I don’t know exactly what years constitute “the old ways,” but they’re definitely dead in 2018. All the good movies come out in November and December? Nope. “Summer” movies have to be stupid? Nope.

Netflix can’t make a good movie? Nope.

We’ll get to all of that over the next couple weeks. But for now, here’s some of the movies I loved watching this year that didn’t quite make the final cut of the Top 10.

Best swan song: The Old Man and the Gun

Who better than Robert Redford to play a criminal of a certain age who robs banks using little more than effortless charm? No one, that’s who.

In what will be (allegedly) his final onscreen performance, Redford plays real-life heist man Forrest Tucker in director David Lowry’s (A Ghost Story, Ain’t Them Bodies Saints) delightful film that is part whodunit, part biopic and part golden-years romantic comedy.

It’s a great sendoff for the veteran actor who, like Tucker, has always made it look easy.

Best Box-office Flop: Bad Times at the El Royale

“El Royale,” made $31.5 million worldwide on a budget of $32 — so safe to say there won’t be a “Worse Times at the El Royale” any time soon. (<— Not that I’m actually advocating for a sequel, as that would be a horrible idea).

It’s a darned shame too. As El Royale is one of the best ensemble pieces of the year, with the likes of Jon Hamm, Dakota Johnson, Chris Hemsworth, Jeff Bridges and 2018 M.V.P. contender Cynthia Erivo (also in “Widows” this year) in a twisty Summer-of-love-era period thriller from writer-director Drew Goddard, whose “Cabin in the Woods” similarly goofed around with convention and failed to find the audience it deserved.

Best Superhero(es): Avengers: Infinity War

I absolutely understand why some are fatigued with superhero movies. I was getting close, but then “Infinity War” happened and pulled me back in.

Set aside, for a moment, the deluge of comic-book adaptations and consider what Marvel Studios was able to achieve with IW. The first Avengers, successfully merging three franchises (plus the Hulk), was itself a minor miracle. But Infinity War is on an entirely different and unprecedented scale, seamlessly weaving together narrative threads that spread out over 18 distinct films released over a period of 10 years.

It’s a feat of storytelling, put into corporeal form through a cinematic investment that spared no expense, all culminating in a surprising, genuinely affecting film that left anxious for the next chapter.

Best documentary: Three Identical Strangers

The initial set-up of “Three Identical Strangers” is, by itself, the kind of story that sounds stranger than fiction.

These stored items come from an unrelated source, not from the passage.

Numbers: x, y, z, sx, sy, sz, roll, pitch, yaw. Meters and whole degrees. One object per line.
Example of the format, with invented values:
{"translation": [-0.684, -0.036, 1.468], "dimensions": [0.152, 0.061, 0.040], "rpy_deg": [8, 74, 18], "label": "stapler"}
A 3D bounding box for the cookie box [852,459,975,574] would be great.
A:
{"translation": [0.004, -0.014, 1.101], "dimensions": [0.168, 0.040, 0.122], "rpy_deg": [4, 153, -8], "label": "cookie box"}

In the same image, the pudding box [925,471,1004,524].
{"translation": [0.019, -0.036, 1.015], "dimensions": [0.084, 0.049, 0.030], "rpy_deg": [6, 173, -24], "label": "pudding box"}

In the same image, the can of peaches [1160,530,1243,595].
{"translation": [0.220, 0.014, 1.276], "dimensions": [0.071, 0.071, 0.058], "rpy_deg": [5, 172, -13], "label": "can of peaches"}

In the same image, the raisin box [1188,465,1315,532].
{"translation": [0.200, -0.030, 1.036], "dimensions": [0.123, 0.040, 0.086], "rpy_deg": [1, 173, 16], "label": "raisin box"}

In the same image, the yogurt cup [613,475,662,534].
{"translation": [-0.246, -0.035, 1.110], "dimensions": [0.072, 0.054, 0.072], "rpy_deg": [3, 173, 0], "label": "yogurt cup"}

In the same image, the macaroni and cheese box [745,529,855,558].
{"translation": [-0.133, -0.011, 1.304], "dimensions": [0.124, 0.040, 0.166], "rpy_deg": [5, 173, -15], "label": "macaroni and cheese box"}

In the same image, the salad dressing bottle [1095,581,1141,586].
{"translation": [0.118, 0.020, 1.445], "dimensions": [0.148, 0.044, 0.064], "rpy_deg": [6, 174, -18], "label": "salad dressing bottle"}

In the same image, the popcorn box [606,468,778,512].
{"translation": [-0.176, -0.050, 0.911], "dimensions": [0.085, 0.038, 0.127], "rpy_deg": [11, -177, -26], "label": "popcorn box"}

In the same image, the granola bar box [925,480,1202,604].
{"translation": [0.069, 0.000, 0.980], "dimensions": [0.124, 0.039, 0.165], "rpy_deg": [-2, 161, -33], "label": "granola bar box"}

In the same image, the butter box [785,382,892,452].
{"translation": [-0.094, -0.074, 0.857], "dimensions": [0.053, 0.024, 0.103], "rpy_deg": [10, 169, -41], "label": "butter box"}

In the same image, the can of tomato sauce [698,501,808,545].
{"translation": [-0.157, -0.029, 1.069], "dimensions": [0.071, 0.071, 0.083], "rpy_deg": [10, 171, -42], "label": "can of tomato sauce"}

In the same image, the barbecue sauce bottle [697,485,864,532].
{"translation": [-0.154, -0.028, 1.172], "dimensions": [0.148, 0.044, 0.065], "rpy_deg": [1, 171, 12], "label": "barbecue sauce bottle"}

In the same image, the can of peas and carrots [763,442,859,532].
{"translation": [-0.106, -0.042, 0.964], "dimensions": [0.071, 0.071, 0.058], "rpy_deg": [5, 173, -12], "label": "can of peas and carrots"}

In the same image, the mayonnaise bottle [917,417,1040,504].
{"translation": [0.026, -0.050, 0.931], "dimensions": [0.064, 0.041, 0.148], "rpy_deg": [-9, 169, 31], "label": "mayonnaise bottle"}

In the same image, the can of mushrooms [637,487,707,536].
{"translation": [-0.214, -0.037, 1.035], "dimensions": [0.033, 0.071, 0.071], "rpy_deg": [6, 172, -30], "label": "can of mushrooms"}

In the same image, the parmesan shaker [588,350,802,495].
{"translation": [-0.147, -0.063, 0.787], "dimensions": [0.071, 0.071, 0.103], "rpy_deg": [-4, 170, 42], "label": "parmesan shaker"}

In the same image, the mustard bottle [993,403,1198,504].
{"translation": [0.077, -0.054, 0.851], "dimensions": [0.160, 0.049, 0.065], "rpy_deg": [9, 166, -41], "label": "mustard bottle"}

A young man enrolls in college and finds himself an instant big man on campus courtesy of the identical twin he never knew existed who went to the same school one year earlier.

The already-bizarre tale gets its first twist early, as it turns out the twins are triplets. But that’s only the tip of an iceberg that is carefully and meticulously revealed regarding the brother’s separation at birth.

Best Horror: Suspiria

A close contender for the final award on this list, and one for which the “horror” label doesn’t fit quite right (the *actual* best horror movie of the year is part of the 2018 Top 10. Hint, hint) Luca Guadagnino’s remake of “Suspiria” is frequently unsettling, occasionally disturbing, and endlessly fascinating.

Centered around a dance schools/coven of witches in divided Berlin, “Suspiria” is a moody, atmospheric film that jumps from beautiful to grotesque and back again with a dark humor and unforgiving sense of dread. Bookended by two truly bonkers dance sequences (the first of which is back-dropped against a “how did they do that?” onscreen death) “Suspiria” is a movie that wonderfully defies description.

Best popcorn: Mission Impossible: Fallout

Until 2018, each of the five installments in the Mission Impossible franchise had been helmed by a new director and connected only by a loose mythology, a core cast of characters and the charge that Ethan Hunt, an agent within the Impossible Mission Force, save the world and nearly die in the process.

In Fallout, we have the first direct sequel, with director Christopher McQuarrie returning and continuing the story he launched in “Rogue Nation.” And it’s easy to see why the people behind all these impossible missions decided to break their own rules and ask McQuarrie on a second date.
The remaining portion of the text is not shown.